Incorrect results are computed because the func and data state variables are shared between threads. Thus when one thread changes func's value, the other thread is also affected. In Maple 17, this can be fixed by declaring the state variables as thread_local . This means that each thread will maintain its own value for the state variables. Thus changing the value in one thread will not effect other threads.

 > MapperTL := module () local func::thread_local, data::thread_local; export setMapper, ModuleApply;   setMapper := proc (f::procedure, d::anything) func := f; data := d; NULL end proc; ModuleApply := proc (d) map(func, d, data) end proc end module;

 > adderTL := proc () MapperTL:-setMapper(proc (x, y) options operator, arrow; x+y end proc, 1); MapperTL([seq(i, i = 1 .. 10)]) end proc;

 > adderTL();

 > multerTL := proc () MapperTL:-setMapper(proc (x, y) options operator, arrow; x*y end proc, 3); MapperTL([seq(i, i = 1 .. 10)]) end proc;

 > multerTL();

Executing this version, using the thread local variables, will return the expected result.
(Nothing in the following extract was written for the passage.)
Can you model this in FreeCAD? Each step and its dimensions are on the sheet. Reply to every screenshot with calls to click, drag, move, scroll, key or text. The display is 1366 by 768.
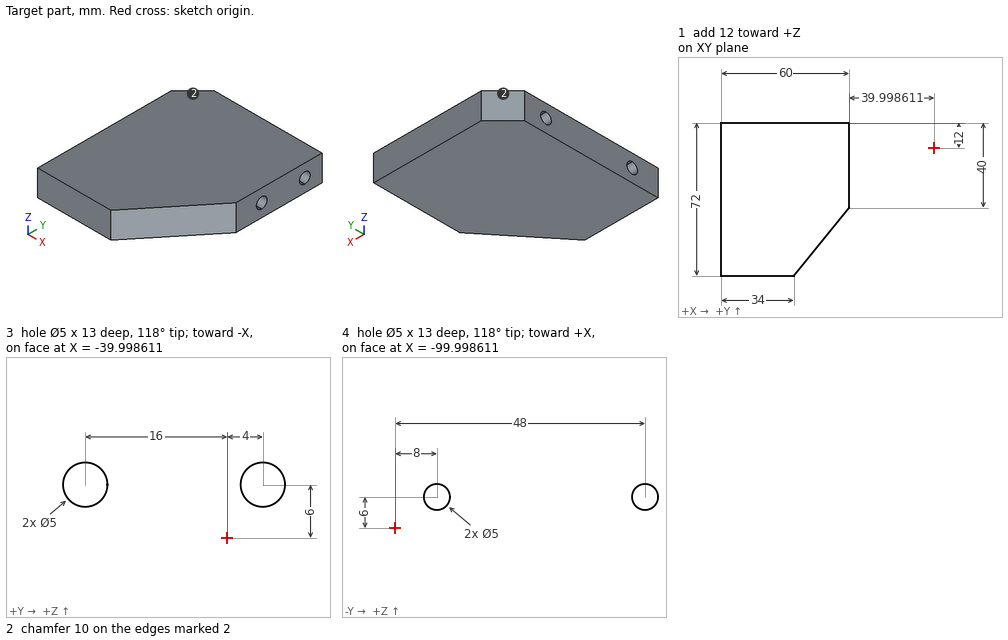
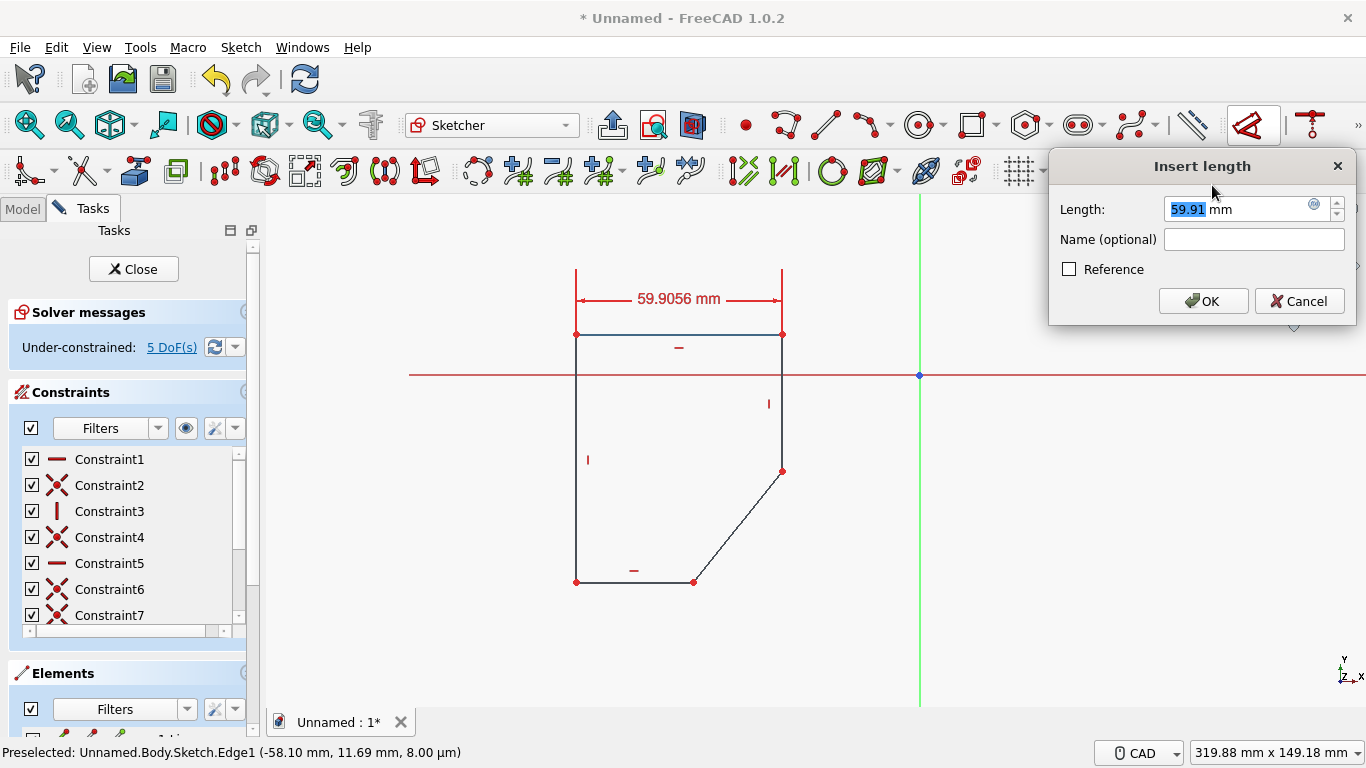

 > Threads:-Task:-Start(passed, Task = [adderTL], Task = [multerTL]);

 > Threads:-Task:-Start(passed, Task = [adderTL], Task = [multerTL]);

 > Threads:-Task:-Start(passed, Task = [adderTL], Task = [multerTL]);

 > Threads:-Task:-Start(passed, Task = [adderTL], Task = [multerTL]);

 > Threads:-Task:-Start(passed, Task = [adderTL], Task = [multerTL]);